Vacant apartments targeted to this market, which have been sitting idle during the pandemic, will now be snapped up again as we see the return of overseas students. As we see the population increase again, we will see more buzz around the apartment market, specifically in university areas.

Likewise, as we see the rise in skilled labour immigration, the general property choices are also apartments with easy access to transport, schooling and general amenities. Affordability certainly plays a factor in this, as well as a typical higher level of acceptance for apartment living from overseas immigrants.

Expats will continue to buy up big and return home.

I predicted this one last year and it still rings true for 2022. Except - 2022 will have less uncertainty and the fact that they are more comfortable with virtual buying means we will see even more expats return home.

Further increase in supply will thin out the buyer pool.

As vendors will look to capitalise on the huge amount of growth over the last 18 months, more listings will mean more choice for buyers and a relatively slower incline in further price rises. Buyers will be able to be much more discerning, and not jump into the wrong property too quickly without doing their due diligence.

Also, people won’t buy into the FOMO hype in 2022. We will be better at doing our due diligence and not racing into decisions with the fear of missing out. There is a slice of the pie for everyone, but we have to be extremely cautious and patient. This isn’t a pair of shoes you’re buying!

People with the bigger cash reserves will continue to win in this market.

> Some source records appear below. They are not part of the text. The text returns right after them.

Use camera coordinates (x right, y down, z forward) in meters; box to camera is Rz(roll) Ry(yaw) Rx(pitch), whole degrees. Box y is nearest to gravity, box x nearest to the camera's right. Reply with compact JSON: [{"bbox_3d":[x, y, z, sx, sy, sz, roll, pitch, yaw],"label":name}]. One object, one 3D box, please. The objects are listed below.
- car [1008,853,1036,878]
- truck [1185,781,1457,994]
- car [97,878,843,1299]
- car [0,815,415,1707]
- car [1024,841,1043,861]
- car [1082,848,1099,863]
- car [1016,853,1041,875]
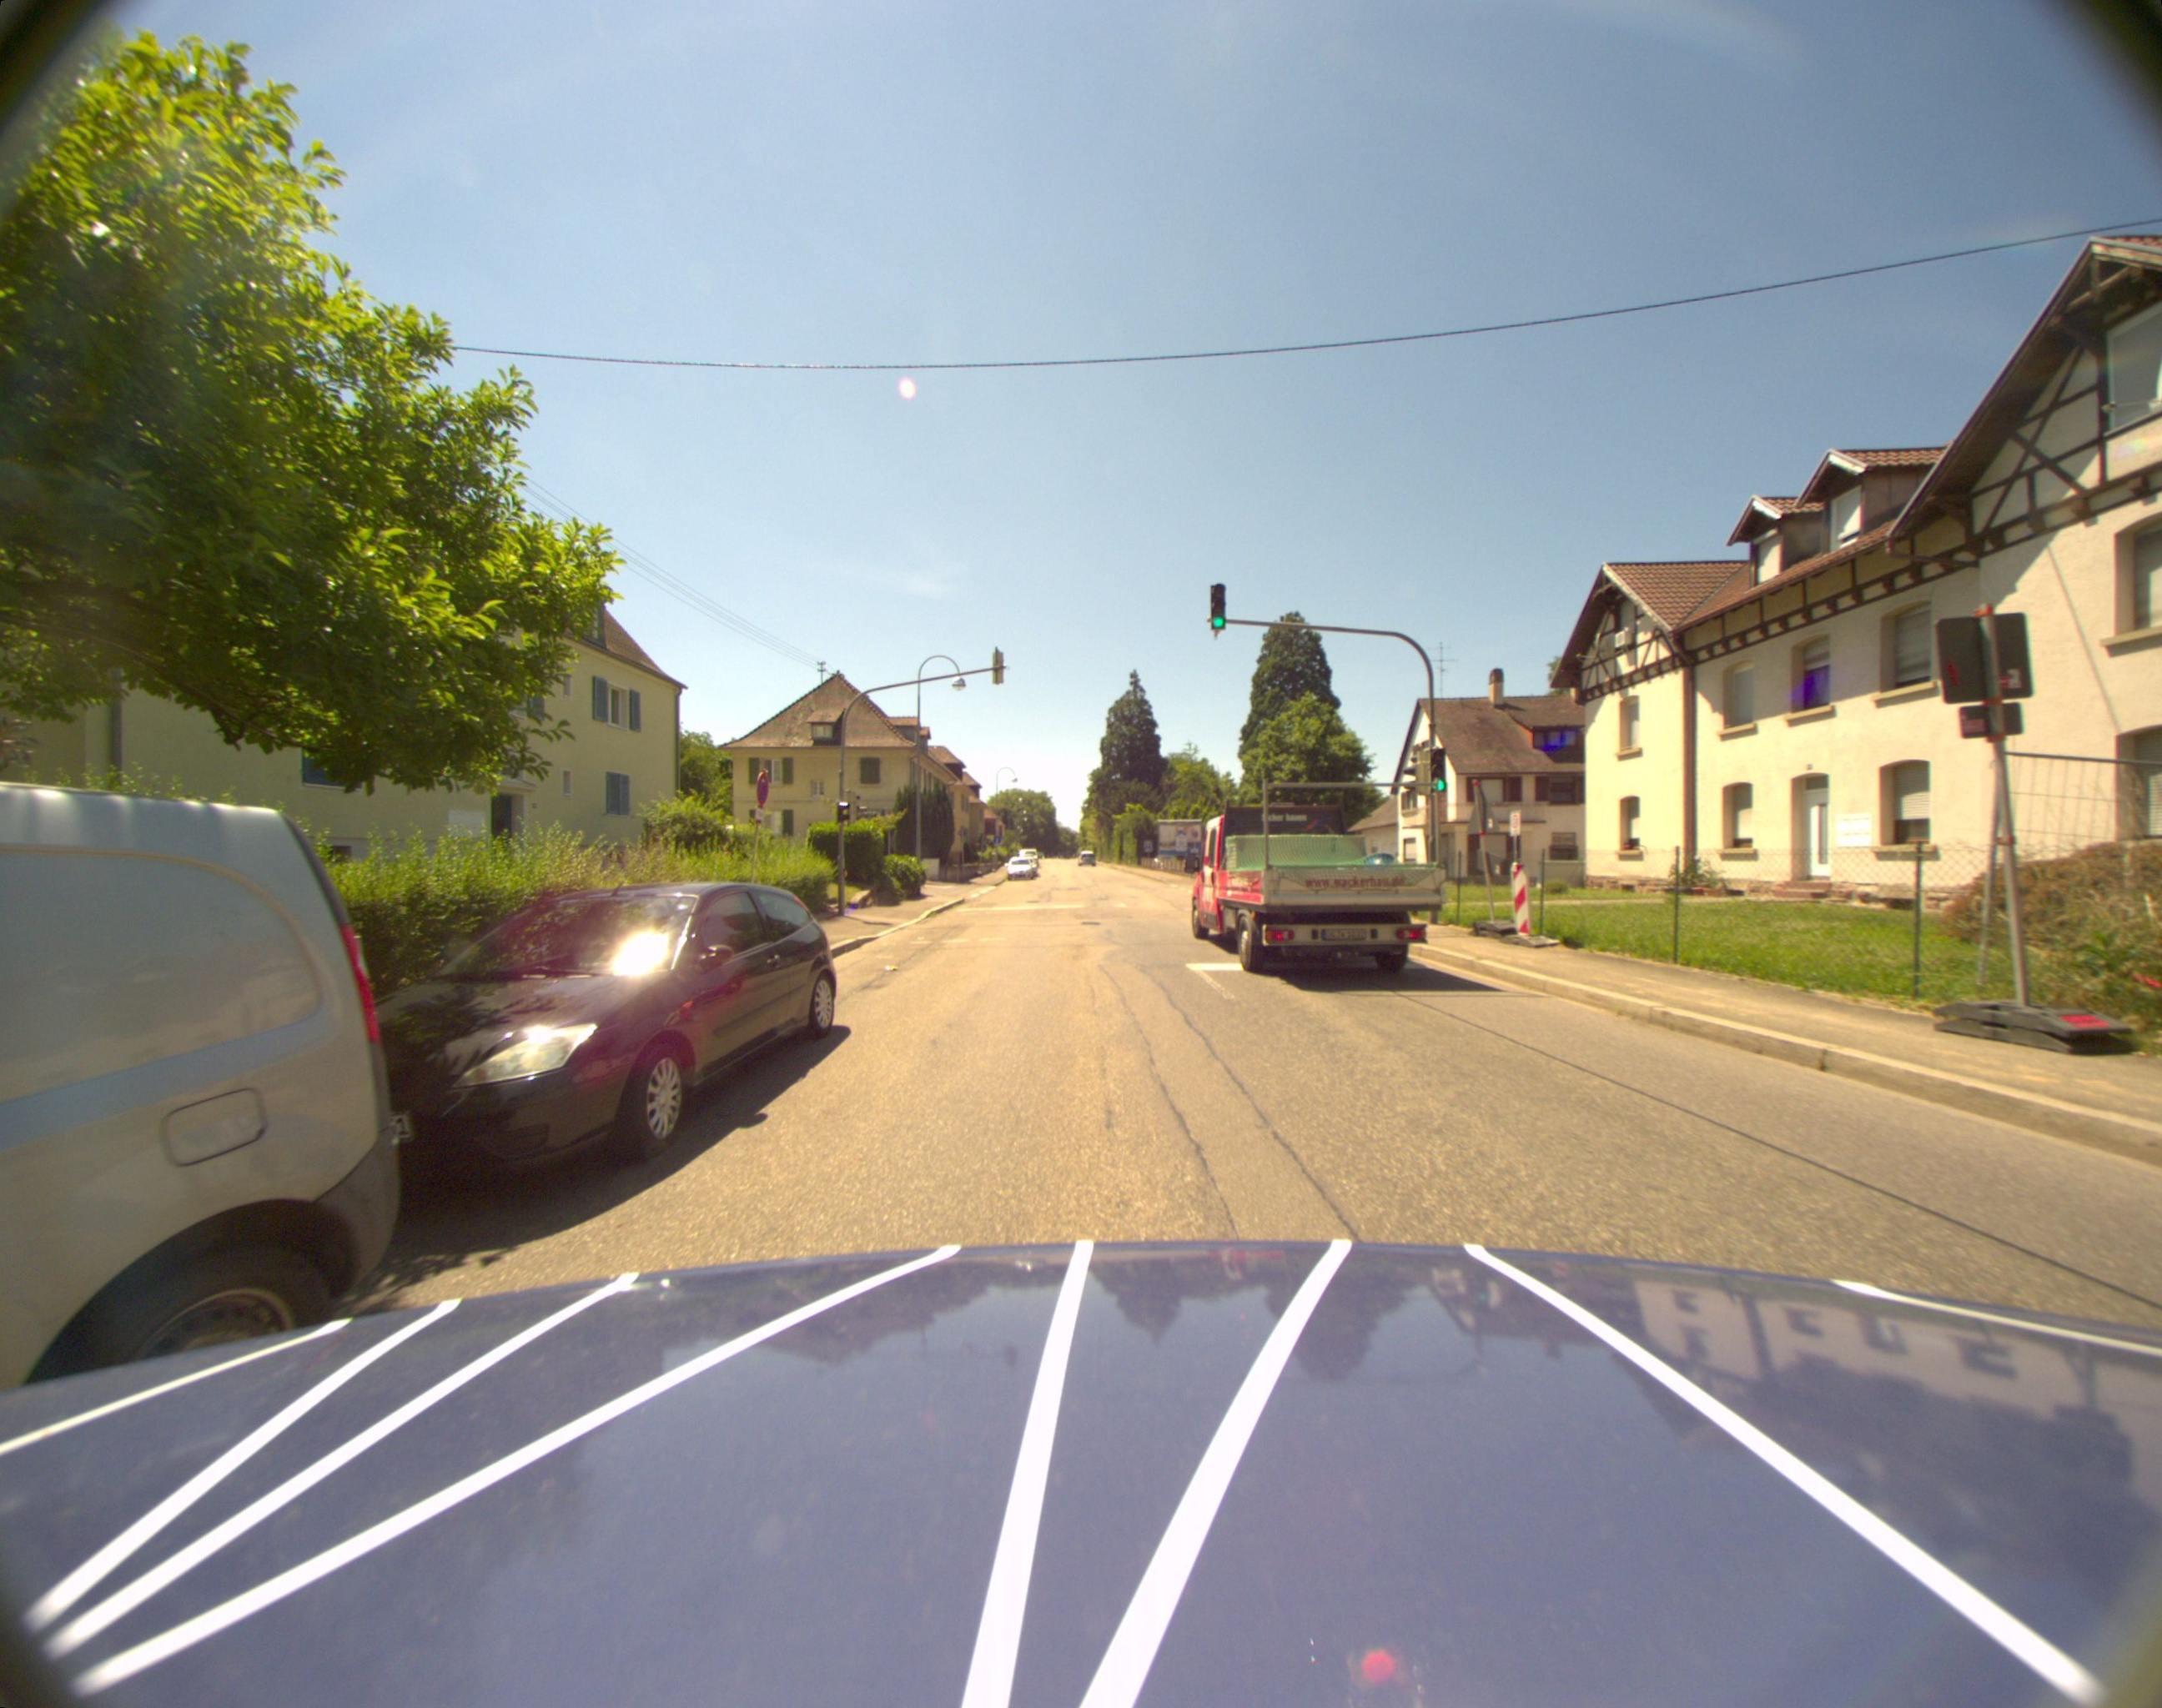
[{"bbox_3d":[-3.823,0.731,49.365,1.671,1.457,3.997,-1,1,-4],"label":"car"},{"bbox_3d":[3.086,0.373,11.591,2.133,2.325,6.434,1,0,0],"label":"truck"},{"bbox_3d":[-3.060,0.999,5.042,1.633,1.454,4.016,-3,0,0],"label":"car"},{"bbox_3d":[-2.995,0.870,0.246,1.666,1.793,4.203,-3,0,2],"label":"car"},{"bbox_3d":[-4.870,-0.368,77.607,1.852,1.859,4.687,-2,3,-3],"label":"car"},{"bbox_3d":[1.030,0.125,81.629,1.657,1.553,3.884,1,1,-1],"label":"car"},{"bbox_3d":[-3.685,0.676,54.030,1.671,1.427,3.998,-2,1,-3],"label":"car"}]

The less dependent you are on borrowing the better off you are. This is a no-brainer really but will really ring true in terms of winners in 2022. Earlier this year, it was reported that around 60% of first home buyers received help from their parents and that the average contribution was $90,000. This actually made mum and dad Australia’s ninth-largest mortgage lender, just behind Suncorp Bank.

Virtual buying will increase because of expats, immigration and sea and tree changers.

In 2020/21 we saw a sharp decline in auction results because people were really hesitant to buy online or virtually. Now that we have had time to adjust to the concept and this new normal, we will see an increase in virtual buying and online bidding and people being more comfortable to do so.

As mentioned above, virtual buying isn’t a new concept. It’s only been accelerated by the pandemic. It certainly won’t replace in-person auctions and inspections, but will be an added bonus.

With the proliferation of video, proptech and fintech platforms like Zoom, Whatsapp, AuctionNow, Facetime, Google Meet, DocuSign, PEXA, SignNow and Macquarie Auction DEFT Pay, there are now so many apps out there to facilitate ease of communication, which in turn have helped us buy ‘virtually’ with ease.

Sydney-specific trends

The rise of new Sydney hotspots.

Bexley, Belmore and Arncliffe have grown exponentially over the last year (30%+ growth). I predict these will continue to be just some of the Sydney hotspots in 2022. A contributing factor in the shift is that people are being pushed out of the Inner West due to higher price points.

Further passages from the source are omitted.